- Owsa Location within Iran
- Coordinates: 36°32′39″N 53°15′25″E﻿ / ﻿36.54417°N 53.25694°E
- Country: Iran
- Province: Mazandaran
- County: Miandorud
- District: Central
- Rural District: Kuhdasht-e Gharbi

Population (2016)
- • Total: 714
- Time zone: UTC+3:30 (IRST)

= Owsa =

Village in Mazandaran province, Iran

Owsa (اوسا) (Note: Also known as Osā and Osās) is a village in Kuhdasht-e Gharbi Rural District of the Central District in Miandorud County, Mazandaran province, Iran.

==Demographics==
===Population===
At the time of the 2006 National Census, the village's population was 669 in 165 households, when it was in Kuhdasht Rural District (Note: Renamed Kuhdasht-e Sharqi Rural District) of the former Miandorud District in Sari County.
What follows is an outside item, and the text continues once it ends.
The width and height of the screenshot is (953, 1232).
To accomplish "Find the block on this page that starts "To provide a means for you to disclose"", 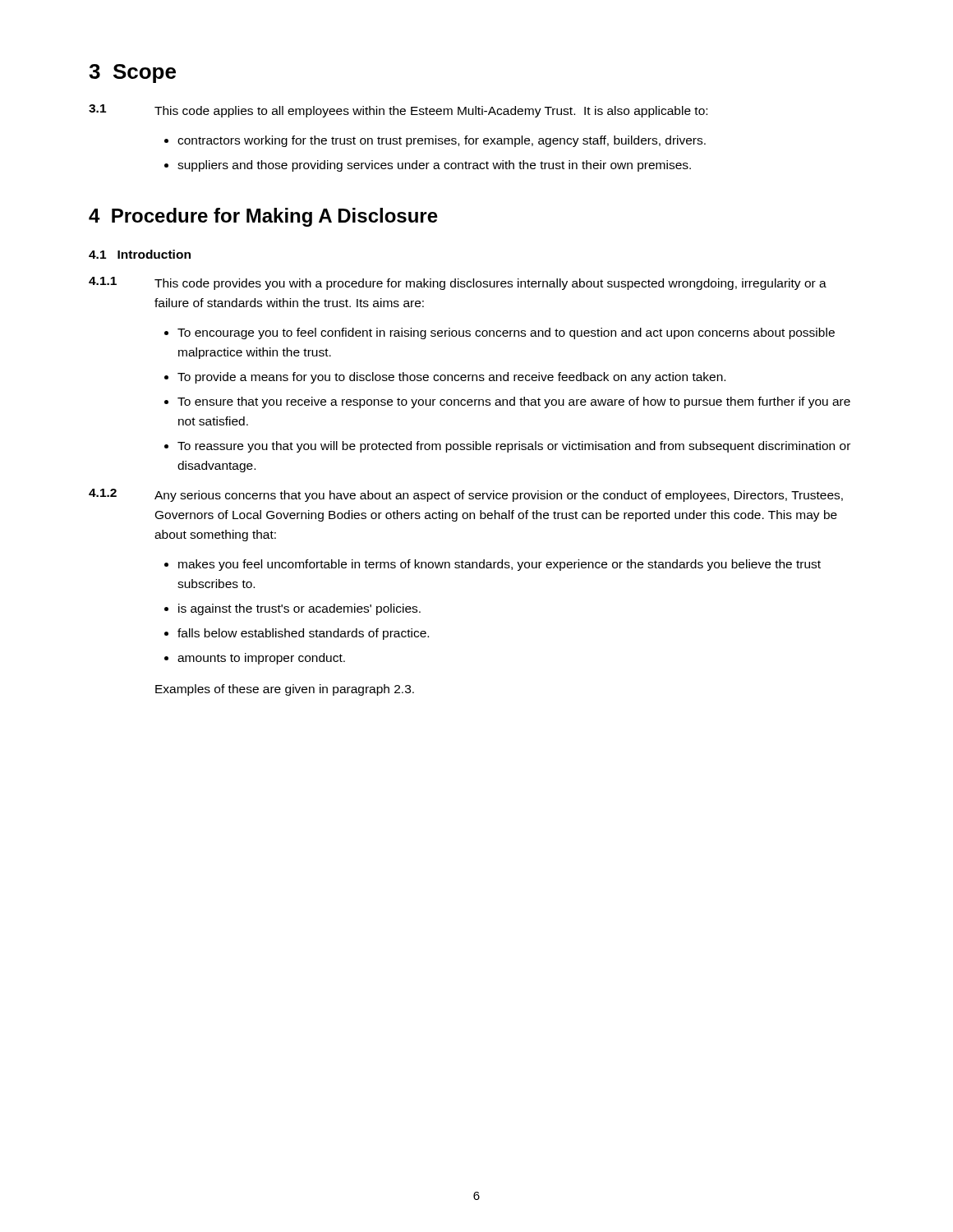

The following census in 2011 counted 694 people in 203 households, by which time the district had been separated from the county in the establishment of Miandorud County. The rural district was transferred to the new Central District and renamed Kuhdasht-e Sharqi Rural District. Owsa was transferred to Kuhdasht-e Gharbi Rural District created in the same district. The 2016 census measured the population of the village as 714 people in 230 households.